- To: slug@xxxxxxxxxxx
- Subject: Re: [SLUG] Comsec behaving badly, how to talk to a big business
- From: Jamie Wilkinson <jaq@xxxxxxxxxxxxxx>
- Date: Mon, 8 Oct 2007 20:02:01 +1000
- User-agent: Mutt/1.5.16 (2007-06-11)
This one time, at band camp, Jeremy Portzer wrote:
> Amos Shapira wrote:
>> On 07/10/2007, Alex Samad <alex@xxxxxxxxxxxx> wrote:
>>> On Sun, Oct 07, 2007 at 01:09:50AM +0000, Amos Shapira wrote:
>>> DATA: malformed address: <alex@xxxxxxxxxxxx>\n may not follow
>>> alex@xxxxxxxxxxxx
>>> : failing address in "To:" header is: alex@xxxxxxxxxxxx
>>> <alex@xxxxxxxxxxxx
>>> It might be the @
>> Yes it might be, I now see that it isn't included in the definition of
>> "atext" (under 3.2.4 "Atom" in
>> http://tools.ietf.org/html/rfc2822#page-12).
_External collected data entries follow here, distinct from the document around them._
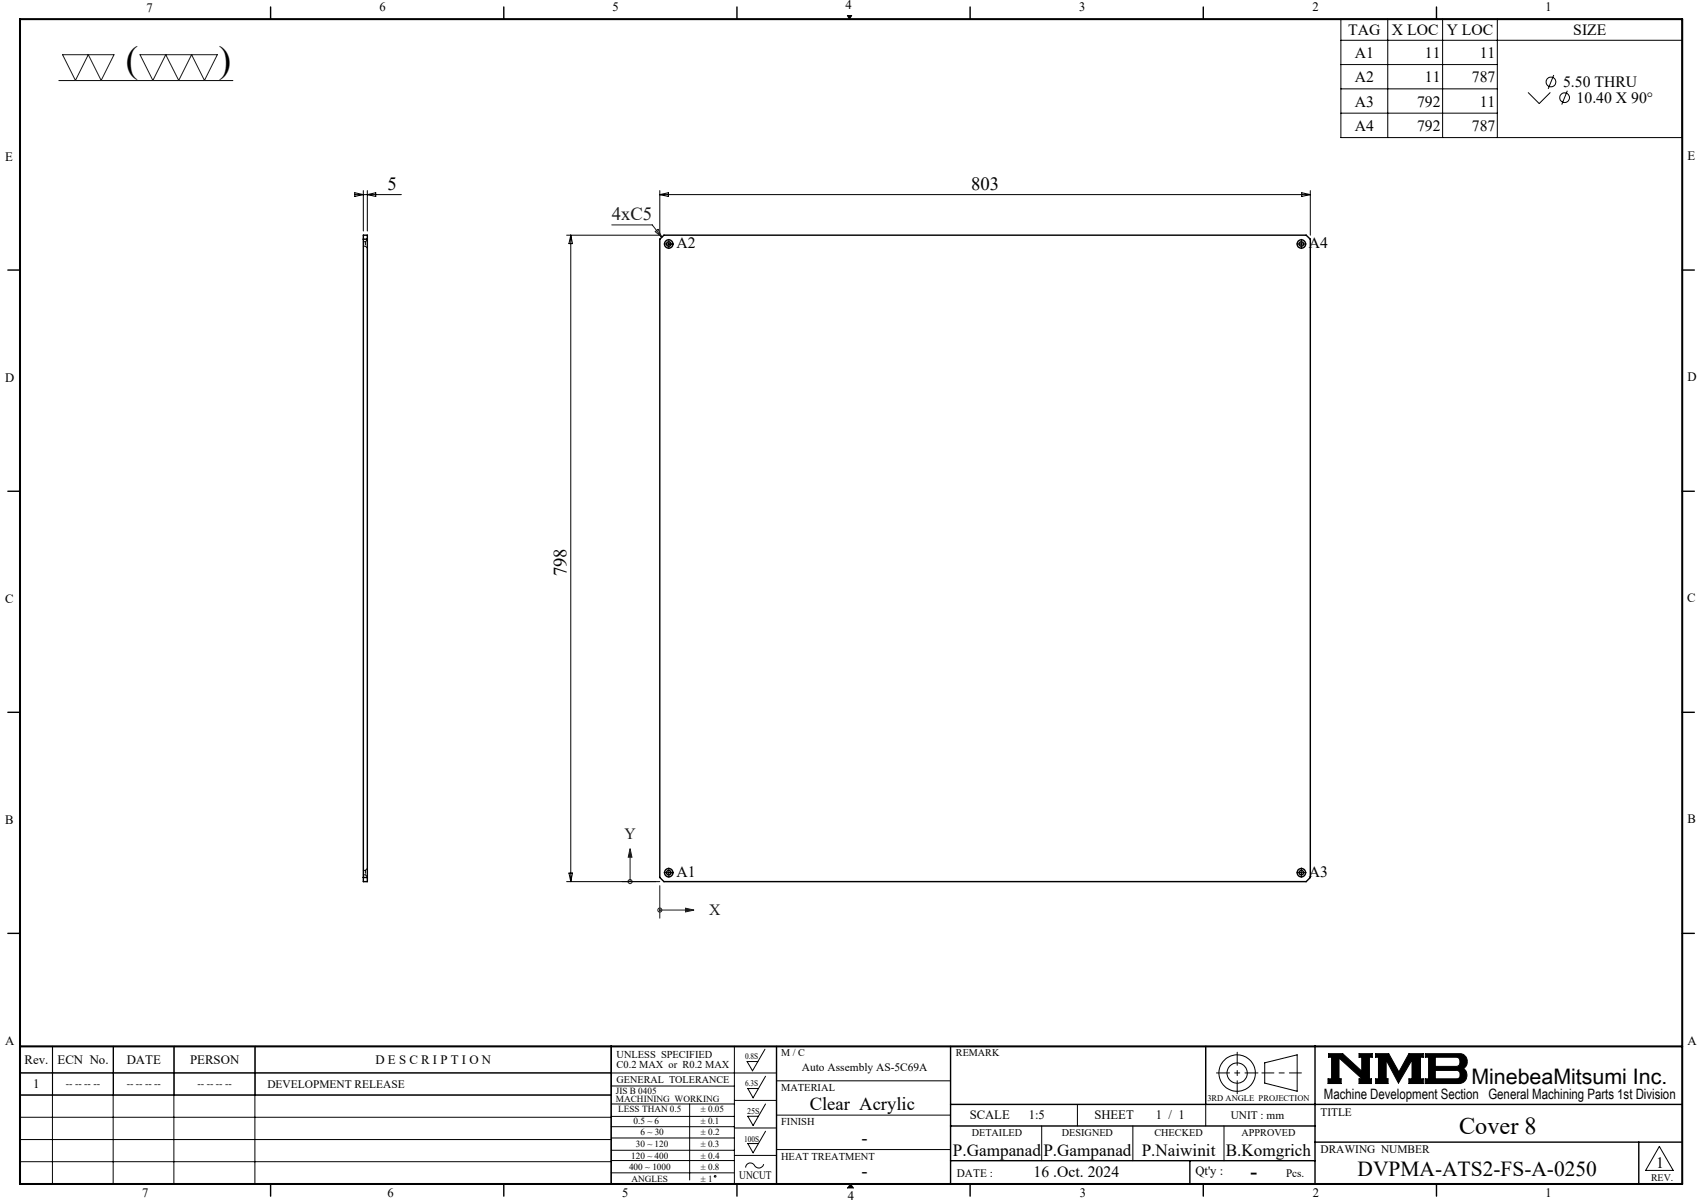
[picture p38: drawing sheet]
<svg xmlns="http://www.w3.org/2000/svg" width="420mm" height="297mm" viewBox="0 0 420 297" stroke-linecap="round" stroke-linejoin="round" font-family="sans-serif">
<defs><g id="words">
<g font-size="9.2">
<text x="31.1" y="17.7">(</text>
<text x="54" y="17.8">)</text>
</g>
<text font-size="6" x="360.3" y="280">Cover 8</text>
<g font-size="5.3">
<text x="363.3" y="267.7">MinebeaMitsumi Inc.</text>
<text x="335.2" y="290.4">DVPMA-ATS2-FS-A-0250</text>
</g>
<text font-size="4.9" x="308.8" y="290.9">-</text>
<g font-size="4.6">
<text x="95.7" y="46.9">5</text>
<text x="239.8" y="46.9">803</text>
<text x="139.8" y="142.3" transform="rotate(-90 139.8 142.3)">798</text>
<text x="199.9" y="274.1">Clear Acrylic</text>
<text x="212.7" y="282.4">-</text>
<text x="212.8" y="290.6">-</text>
</g>
<text font-size="4.6" fill="#191924" x="151.1" y="54.4">4xC5</text>
<g font-size="4.2">
<text x="235.3" y="285.5">P.Gampanad</text>
<text x="257.6" y="285.5">P.Gampanad</text>
<text x="281.9" y="285.5">P.Naiwinit</text>
<text x="302.7" y="285.5">B.Komgrich</text>
</g>
<g font-size="3.9">
<text x="332.9" y="8.7">TAG</text>
<text x="343.7" y="8.7">X LOC</text>
<text x="357.2" y="8.7">Y LOC</text>
<text x="388.5" y="8.7">SIZE</text>
<text x="334.5" y="14.4">A1</text>
<text x="351.8" y="14.4">11</text>
<text x="365.4" y="14.4">11</text>
<text x="334.5" y="20.3">A2</text>
<text x="351.8" y="20.3">11</text>
<text x="363.4" y="20.3">787</text>
<text x="385.9" y="21.4">5.50 THRU</text>
<text x="334.5" y="26.3">A3</text>
<text x="349.9" y="26.3">792</text>
<text x="365.4" y="26.3">11</text>
<text x="389.3" y="25.3">10.40 X 90°</text>
<text x="334.5" y="32.3">A4</text>
<text x="349.9" y="32.3">792</text>
<text x="363.4" y="32.3">787</text>
<text x="167" y="61.3">A2</text>
<text x="323.2" y="61.3">A4</text>
<text x="167" y="216.5">A1</text>
<text x="323.2" y="216.5">A3</text>
<text x="255.2" y="290.6">16 .Oct. 2024</text>
<text x="408.9" y="288.2">1</text>
</g>
<g font-size="3.9" fill="#191924">
<text x="154.2" y="207">Y</text>
<text x="175.1" y="225.9">X</text>
</g>
<text font-size="3.5" x="326.9" y="271.4">Machine Development Section General Machining Parts 1st Division</text>
<g font-size="3.2">
<text x="36.1" y="2.9">7</text>
<text x="93.7" y="2.8">6</text>
<text x="151.3" y="2.8">5</text>
<text x="208.8" y="2.2">4</text>
<text x="266.5" y="2.8">3</text>
<text x="324.1" y="2.8">2</text>
<text x="381.6" y="2.8">1</text>
<text x="1.3" y="39.8">E</text>
<text x="416.6" y="39.5">E</text>
<text x="1.3" y="94.3">D</text>
<text x="416.6" y="94.1">D</text>
<text x="1.3" y="148.9">C</text>
<text x="416.6" y="148.7">C</text>
<text x="1.3" y="203.6">B</text>
<text x="416.6" y="203.3">B</text>
<text x="416.6" y="258">A</text>
<text x="1.3" y="258.1">A</text>
<text x="6.1" y="262.7">Rev.</text>
<text x="14.2" y="262.7">ECN No.</text>
<text x="31.3" y="262.7">DATE</text>
<text x="46.9" y="262.7">PERSON</text>
<text x="92.7" y="262.7">D E S C R I P T I O N</text>
<text x="8.2" y="268.7">1</text>
<text x="239.4" y="276.2">SCALE</text>
<text x="254" y="276.2">1:5</text>
<text x="270.2" y="276.2">SHEET</text>
<text x="285.4" y="276.2">1 / 1</text>
<text x="295.2" y="290.1">Qt'y :</text>
<text x="35.1" y="295.5">7</text>
<text x="95.7" y="295.6">6</text>
<text x="153.6" y="295.6">5</text>
<text x="209.3" y="296.3">4</text>
<text x="266.6" y="295.6">3</text>
<text x="324.2" y="295.6">2</text>
<text x="381.6" y="295.6">1</text>
</g>
<g font-size="2.8">
<text x="66" y="268.6">DEVELOPMENT RELEASE</text>
<text x="198" y="264.5">Auto Assembly AS-5C69A</text>
<text x="326" y="275.4">TITLE</text>
<text x="303.9" y="276.2">UNIT : mm</text>
<text x="326" y="284.7">DRAWING NUMBER</text>
<text x="182.5" y="291.2">UNCUT</text>
<text x="236.3" y="290.7">DATE :</text>
<text x="317.6" y="290.6">Pcs.</text>
</g>
<g font-size="2.6">
<text x="152.2" y="261.3">UNLESS SPECIFIED</text>
<text x="152.2" y="263.7">C0.2 MAX or R0.2 MAX</text>
<text x="192.9" y="269.4">MATERIAL</text>
<text x="192.9" y="277.7">FINISH</text>
<text x="192.9" y="286.3">HEAT TREATMENT</text>
</g>
<g font-size="2.5">
<text x="192.9" y="260.7">M / C</text>
<text x="236" y="260.7">REMARK</text>
<text x="16.3" y="268.5">-- -- -- --</text>
<text x="31.3" y="268.5">-- -- -- --</text>
<text x="48.8" y="268.5">-- -- -- --</text>
<text x="152.3" y="267.3">GENERAL TOLERANCE</text>
<text x="239.9" y="280.5">DETAILED</text>
<text x="262.2" y="280.5">DESIGNED</text>
<text x="285.1" y="280.5">CHECKED</text>
<text x="306.6" y="280.5">APPROVED</text>
<text x="407.7" y="291.5">REV.</text>
</g>
<g font-size="2.3">
<text x="152.1" y="270">JIS B 0405</text>
<text x="152.1" y="272.1">MACHINING WORKING</text>
<text x="152.7" y="274.6">LESS THAN 0.5</text>
<text x="173" y="274.6">± 0.05</text>
<text x="156.4" y="277.4">0.5 ~ 6</text>
<text x="158.1" y="280.3">6 ~ 30</text>
<text x="173" y="277.4">± 0.1</text>
<text x="173" y="280.3">± 0.2</text>
<text x="155.9" y="286">120 ~ 400</text>
<text x="157" y="283.2">30 ~ 120</text>
<text x="173" y="283.2">± 0.3</text>
<text x="173" y="286">± 0.4</text>
<text x="155.3" y="288.9">400 ~ 1000</text>
<text x="155.9" y="291.7">ANGLES</text>
<text x="173" y="288.9">± 0.8</text>
<text x="173" y="291.7">± 1</text>
</g>
<g font-size="2.1">
<text x="184" y="261.5">0.8S</text>
<text x="184" y="268.1">6.3S</text>
<text x="184.5" y="275">25S</text>
<text x="298.1" y="271.8">3RD ANGLE PROJECTION</text>
<text x="183.7" y="281.9">100S</text>
</g>
</g></defs>
<g fill="none" stroke="#000" stroke-width=".25">
<path d="M14.5 19.9h43M209.2 3.8h1.1l-.6 .9zM331.1 4.7h84.3v29.3h-84.3zM331.1 15.9h38.6M331.1 9.9h84.3M342.7 4.7v29.3M356.2 4.7v29.3M369.7 4.7v29.3M383.6 18.5l-1.3 3.4M331.1 21.9h38.6M331.1 27.9h38.6M377.3 22.8l2.7 2.8 2.8-2.8"/>
<path d="M387 22.4l-1.4 3.4M87.6 48h11.5M87.6 47.6l2.1 .4-2.1 .5zM89.7 47.1v9.9M90.7 47.1v9.9M90.7 48l2.1-.4v.9zM140.9 58.1v159.6M140.9 58.1l.5 2h-.9zM162.9 48h160.6M162.9 47.1v11h-23M162.9 48l2.1-.4v.9zM165.1 59.7v1.2"/>
<path d="M321.3 59.7v1.2M321.4 47.6l2.1 .4-2.1 .5zM323.5 47.1v11M164.5 60.3h1.2M320.7 60.3h1.2M139.9 217.7h23M140.5 215.5h.9l-.5 2.2zM164.5 215.4h1.2M165.1 214.8v1.2M320.7 215.4h1.2M321.3 214.8v1.2M13 258.3l-.1 34"/>
<path d="M27.9 258.3v34M28 258.3v12M42.9 258.3v34M43 258.3v12M62.9 258.3v34M63 258.3v12M181.3 258.3v34M188.9 259l-3.1 5.4-1.3-2.3h2.6M4.9 264.9h186.8M4.9 270.4h146M4.9 275.8h146M150.9 278.2h30.4"/>
<path d="M150.9 275.6h30.4M150.9 272.6h30.4M150.9 268.1h30.4M151 270.3h-146v-12h146l-.1 34M170.3 272.6v18.7M181.3 271.7h10.4M181.3 278.5h10.4M189 272.6l-3.1 5.3-1.3-2.3h2.7M189 279.3l-3.1 5.3-1.3-2.3h2.7M189 265.7l-3.1 5.3-1.3-2.3h2.7M191.7 266.8h43M191.7 275.3h43"/>
<path d="M257.2 278v8.6M266 272.7v5.3M279.7 278v8.6M297.7 272.7v5.3M302.2 278v8.6M312.3 262.4l8-2v9l-8-2zM328 260.1h3.5l4.7 4.3v-3.4h-.6v-.9h3.2v.9h-.7v5.3h.5v1.2h-3v-1.2h.7l-5.7-5.1v5.1h.6v1.2h-3.3v-1.2h.9v-5.3h-.8zM339.7 260.1h3.2l2.5 4.6 2.5-4.6h3.5v.9h-.7v5.3h.7v1.2h-3.5v-1.2h.8v-4.6l-3.4 5.7-3-5.7v4.6h.4v1.2h-3v-1.2h.7v-5.3h-.7zM351.9 260.1h8.4a1.97 1.97 0 0 1 1.9 1.5 1.97 1.97 0 0 1-.9 2.2 2.03 2.03 0 0 1 .8 2.2 2.03 2.03 0 0 1-1.8 1.5h-8.4v-1.2h.8v-5.3h-.8zM354.4 261h5.4l.6 .5 .1 1a.84 .84 0 0 1-.8 .8h-5.3zM354.4 264.3h5.4l.6 .4 .1 1a.79 .79 0 0 1-.8 .6h-5.3zM4.9 281.3h146"/>
<path d="M4.9 286.8h146M150.9 280.9h30.4M150.9 286.5h30.4M150.9 284h30.4M150.9 289.6h30.4M181.3 285.3h10.4M188.6 287.4a1.29 1.29 0 0 1-1.2 1 1.29 1.29 0 0 1-1.3-.9 1.14 1.14 0 0 0-1.3-.3 1.14 1.14 0 0 0-.7 1.1M191.7 283.8h43M210 292.3l.7 1M409.7 283l3.4 6h-6.8z"/>
<circle cx="383" cy="20.2" r="1.21"/>
<circle cx="386.3" cy="24.1" r="1.2"/>
<circle cx="305.5" cy="264.9" r="2.51"/>
<circle cx="305.5" cy="264.9" r="4.5"/>
</g>
<path d="M311.6 264.9h9.7" fill="none" stroke="#000" stroke-width=".25" stroke-dasharray="15.2 1.3 1.3 1.3" stroke-dashoffset="12.3"/>
<path d="M305.5 259.8v10.2M300.4 264.9h10.2" fill="none" stroke="#000" stroke-width=".25" stroke-dasharray="15.2 1.3 1.3 1.3" stroke-dashoffset="12"/>
<g fill="none" stroke="#000" stroke-width=".35">
<path d="M66.8 1.7v3M124.4 1.7v3M182 1.7v3M239.5 1.7v3M297.1 1.7v3M354.7 1.7v3M1.9 66.7h3M415.4 66.7h3M1.9 121.3h3M415.4 121.3h3M1.9 175.9h3M415.4 175.9h3"/>
<path d="M1.9 230.4h3M415.4 230.4h3M150.9 258.3v34M191.7 258.3v34M234.7 258.3v34M297.7 258.3v14.4M324.7 258.3v34M234.7 272.7h180.7M234.7 278h90M66.8 292.3v3M124.4 292.3v3M182 292.3v3"/>
<path d="M234.7 286.6h90M239.5 292.3v3M293.8 286.6v5.7M297.1 292.3v3M324.7 282h90.7M354.7 292.3v3M404.6 282v10.3"/>
</g>
<path d="M4.9 4.7h410.5v287.6h-410.5zM4.9 258.3h410.5" fill="none" stroke="#000" stroke-width=".5"/>
<path d="M210 292.3l-.7 1h1.4" fill="none" stroke="#00f" stroke-width=".25"/>
<g fill="#000">
<path d="M210 292.3l.7 1h-1.4z"/>
<path d="M209.2 3.8l.5 .9 .6-.9zM328 260.1v.9h.8v5.3h-.9v1.2h3.3v-1.2h-.6v-5.1l5.7 5.1h-.7v1.2h3v-1.2h-.5v-5.3h.7v-.9h-3.2v.9h.6v3.4l-4.7-4.3zM351.9 260.1v.9h.8v5.3h-.8v1.2h8.6l.7-.2 .6-.5 .4-.8v-.8l-.3-.8-.6-.6 .8-.8 .2-1.3-.5-.9-.5-.5-.6-.2zM354.4 264.3h5.4l.6 .4 .1 1-.6 .6h-5.5zM354.4 261l5.5 .1 .5 .5v1.1l-.3 .5-.3 .1h-5.4zM339.7 260.1v.9h.7v5.3h-.7v1.2h3v-1.2h-.4v-4.6l3 5.7 3.4-5.7v4.6h-.8v1.2h3.5v-1.2h-.7v-5.3h.7v-.9h-3.5l-2.5 4.6-2.5-4.6z" fill-rule="evenodd"/>
</g>
<g fill="none" stroke="#191924" stroke-width=".25">
<path d="M15.5 13.5h12.7l-3.2 6.4-3.2-6.4-3.2 6.4zM34.6 13.5h19.1l-3.2 6.4-3.2-6.4-3.2 6.4-3.2-6.4-3.2 6.4zM151.1 55.5h9.9l2.4 3.1M161.8 57.2l.7-.6 .9 2zM153.6 217.7h8.3M155.6 209.5l.4 2.1h-.9zM155.6 211.6v6.1M162.9 218.6v8.1M162.9 224.7h6.4M169.3 224.2l2.1 .5-2.1 .4z"/>
<circle cx="155.6" cy="217.6" r=".5"/>
<circle cx="162.9" cy="224.7" r=".49"/>
</g>
<g fill="none" stroke="#000" stroke-width=".25" stroke-dasharray="15.2 1.3 1.3 1.3">
<path d="M165.1 59.6v-.5M321.3 59.6v-.5M164.5 60.2h-.5M165.1 60.8v.6M165.7 60.2h.6M320.7 60.2h-.5M321.3 60.8v.6M321.9 60.2h.6M164.5 215.4h-.5M165.1 214.8v-.5M165.1 216v.6M165.7 215.4h.6"/>
<path d="M320.7 215.4h-.5M321.3 214.8v-.5M321.3 216v.6M321.9 215.4h.6"/>
</g>
<path d="M169.3 224.2l2.1 .5-2.1 .4zM155.6 209.5l.4 2.1h-.9z" fill="#191924"/>
<g fill="none" stroke="#000" stroke-width=".35">
<path d="M89.7 58.1h1v159.6h-1zM89.7 59.1h1M162.9 59.1l1-1h158.6l1 1v157.5l-1 1.1h-158.6l-1-1.1zM89.7 216.6h1"/>
<circle cx="165.1" cy="60.2" r=".55"/>
<circle cx="165.1" cy="60.2" r="1.04"/>
<circle cx="321.3" cy="60.2" r=".55"/>
<circle cx="321.3" cy="60.2" r="1.04"/>
<circle cx="165.1" cy="215.4" r=".56"/>
<circle cx="165.1" cy="215.5" r="1.04"/>
<circle cx="321.3" cy="215.4" r=".56"/>
<circle cx="321.3" cy="215.5" r="1.04"/>
</g>
<path d="M90.2 59.7v1.1M90.2 214.9v1.1" fill="none" stroke="#000" stroke-width=".25" stroke-dasharray="1.3 .6" stroke-dashoffset=".5"/>
<path d="M90.7 59.2l-.5 .5M90.2 60.8l.5 .5M90.2 216l.5 .5M90.7 214.4l-.5 .5" fill="none" stroke="#000" stroke-width=".25" stroke-dasharray="1.3 .6" stroke-dashoffset=".3"/>
<path d="M90.2 59.7h-.5M89.7 60.8h.5M89.7 216h.5M90.2 214.9h-.5" fill="none" stroke="#000" stroke-width=".25" stroke-dasharray="1.3 .6"/>
<circle cx="176.6" cy="290.4" r=".2" fill="none" stroke="#000" stroke-width=".25"/>
<use href="#words"/>
</svg>

>> Maybe they should put this text in a comment ("()").
>> Also the "\n" looks a bit suspicious - maybe there is a missing "\r" there
>> somewhere?
>
> \n just means "newline" - which can either be CRLF (usual format for
> Internet communications; Windows/DOS format) or LF-only (Unix text files),
> or even CR-only (old Macintosh).
>
> Common confusion/misconception is that \n refers to LF only. This is not
> always the case-usually it refers to the portable "newline" that gets
> expanded to the proper characters depending on platform or context.
Over the wire, it is just newline, no carriage return. The \r component of
the CRLF bog is only a problem when you're doing file IO. For a wire
protocol it's the \n that counts.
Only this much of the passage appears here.